Model: "sequential_1"
_________________________________________________________________
Layer (type)                 Output Shape              Param #   
dense_1 (Dense)              (None, 50)                39250     
_________________________________________________________________
dense_2 (Dense)              (None, 50)                2550      
_________________________________________________________________
dense_3 (Dense)              (None, 50)                2550      
_________________________________________________________________
dense_4 (Dense)              (None, 10)                510       
Total params: 44,860
Trainable params: 44,860
Non-trainable params: 0
_________________________________________________________________


In [5]:
# Compile your model and define your loss and optimization algorithm
# model.compile(...)
model.compile(loss='categorical_crossentropy', optimizer=Adam(lr=0.01), metrics=['accuracy'])

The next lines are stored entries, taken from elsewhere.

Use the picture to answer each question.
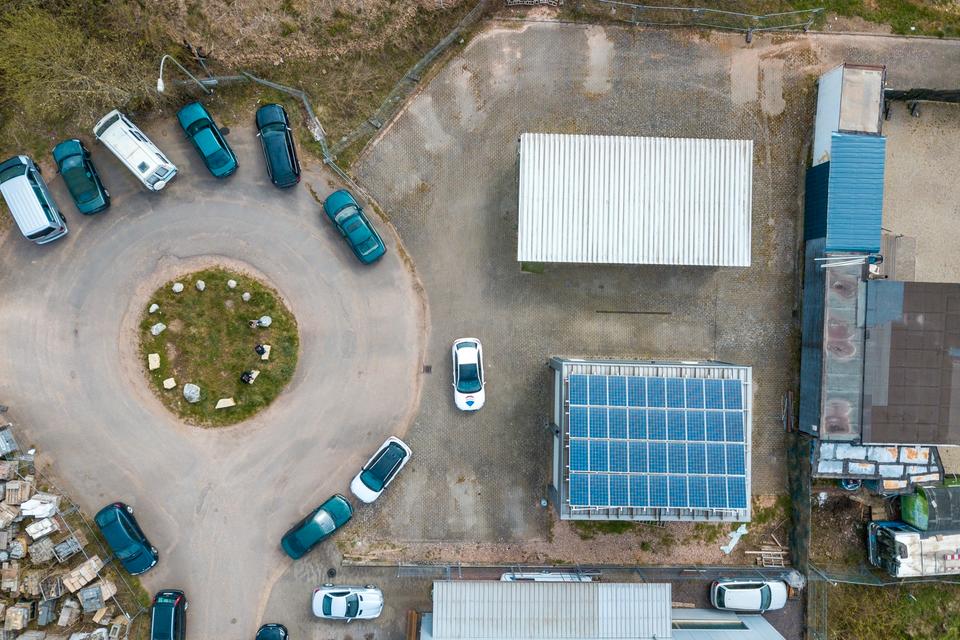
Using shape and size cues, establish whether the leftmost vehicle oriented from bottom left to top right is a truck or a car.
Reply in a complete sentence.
Specifically, the leftmost vehicle oriented from bottom left to top right is a car.
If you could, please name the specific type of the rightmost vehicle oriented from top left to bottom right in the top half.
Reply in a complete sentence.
It turns out the rightmost vehicle oriented from top left to bottom right in the top half is a car.
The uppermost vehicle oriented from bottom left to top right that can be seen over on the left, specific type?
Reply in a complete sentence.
The uppermost vehicle oriented from bottom left to top right that can be seen over on the left in the image is a car.
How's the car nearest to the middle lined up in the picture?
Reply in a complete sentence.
In this picture, the car nearest to the middle lies vertically.
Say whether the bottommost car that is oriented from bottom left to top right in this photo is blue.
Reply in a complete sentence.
Yes, the bottommost car that is oriented from bottom left to top right is blue.
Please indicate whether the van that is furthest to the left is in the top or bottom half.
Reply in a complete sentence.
The van that is furthest to the left sits in the top half of the picture.
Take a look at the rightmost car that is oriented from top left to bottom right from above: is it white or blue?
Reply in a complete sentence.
In this view, the rightmost car that is oriented from top left to bottom right is blue.
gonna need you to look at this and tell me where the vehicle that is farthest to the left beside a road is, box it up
[0,157,65,244]
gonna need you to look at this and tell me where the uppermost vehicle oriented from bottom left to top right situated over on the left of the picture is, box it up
[354,437,411,501]
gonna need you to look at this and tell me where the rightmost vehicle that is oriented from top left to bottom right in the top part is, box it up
[328,193,385,262]
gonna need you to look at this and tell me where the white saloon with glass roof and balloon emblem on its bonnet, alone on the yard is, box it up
[450,337,488,411]
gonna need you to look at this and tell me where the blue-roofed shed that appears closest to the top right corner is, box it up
[801,134,887,255]
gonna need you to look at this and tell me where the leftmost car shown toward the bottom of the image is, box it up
[98,502,158,574]
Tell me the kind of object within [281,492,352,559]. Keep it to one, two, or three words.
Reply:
car
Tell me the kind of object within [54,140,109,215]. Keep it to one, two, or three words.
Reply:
car
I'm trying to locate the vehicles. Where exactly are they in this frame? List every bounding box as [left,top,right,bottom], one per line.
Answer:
[0,157,65,244]
[181,105,239,177]
[450,337,488,411]
[54,140,109,215]
[328,193,385,262]
[98,502,158,574]
[257,622,290,640]
[860,519,960,579]
[710,576,787,616]
[311,586,384,626]
[354,437,411,501]
[255,105,302,188]
[94,111,179,193]
[281,492,352,559]

# Training our Neural Network with Additional Tooling

* `batch_size` of `100`
* `epoch` of `5`
* 15% validation split

Add the following additonal callbacks:

* Tensorboard callback: Records data about training so we can visualize it in the TensorBoard tool.  Use the following settings: `log_dir=./logs_2.3, histogram_freq=1, batch_size=32, write_graph=True, write_grads=True, write_images=True`)  See: https://keras.io/callbacks/ and https://www.tensorflow.org/guide/summaries_and_tensorboard


In [6]:
# Fit your model on the training data
# callbacks = []
# history = model.fit(..., callbacks=callbacks)
callbacks = [
    TensorBoard(log_dir='./logs23', histogram_freq=1, batch_size=32,
                write_graph=True, write_grads=True, write_images=True,),
]

history = model.fit(x_train, y_train, batch_size=10, epochs=5, validation_split=0.15,
                    callbacks=callbacks, verbose=0)
history.history

Instructions for updating:
Use tf.where in 2.0, which has the same broadcast rule as np.where















{'acc': [0.8916666597872972,
  0.9266274433393105,
  0.9358039145142424,
  0.9407646987835566,
  0.9418039144721686],
 'loss': [0.40204413004897765,
  0.30066736097522295,
  0.2829510455171643,
  0.26388072243606003,
  0.26860611337207013],
 'val_acc': [0.9425555490122901,
  0.937333326207267,
  0.9502222167121039,
  0.9323333266046312,
  0.9505555491977268],
 'val_loss': [0.23591159666742897,
  0.2771712839444,
  0.23044781093545477,
  0.38695099426793855,
  0.22923739687304887]}

## Viewing Results in Tensorboard

In [7]:
%tensorboard --logdir logs23

## Questions

1. Look at Tensorboard's `scalars` tab.  Are we overfitting the model?
2. Look at the `Graphs` tab.  Our `model.summary()` only shows four layers above.  Why are there so many more blocks in this diagram of our neural network?
3. Look at the `Histograms` and `Distributions` tab.  What are they showing us?  How can this help use debug our neural network?

## Summary

* Keras callbacks allow you to record metrics (and customize the behavior) during training.
* Tensorboard is a useful tool for the Tensorflow backend to visualize and debug your networks.
* These tools are essential when building your own networks because of all the debugging and hyperparameter tuning that is needed.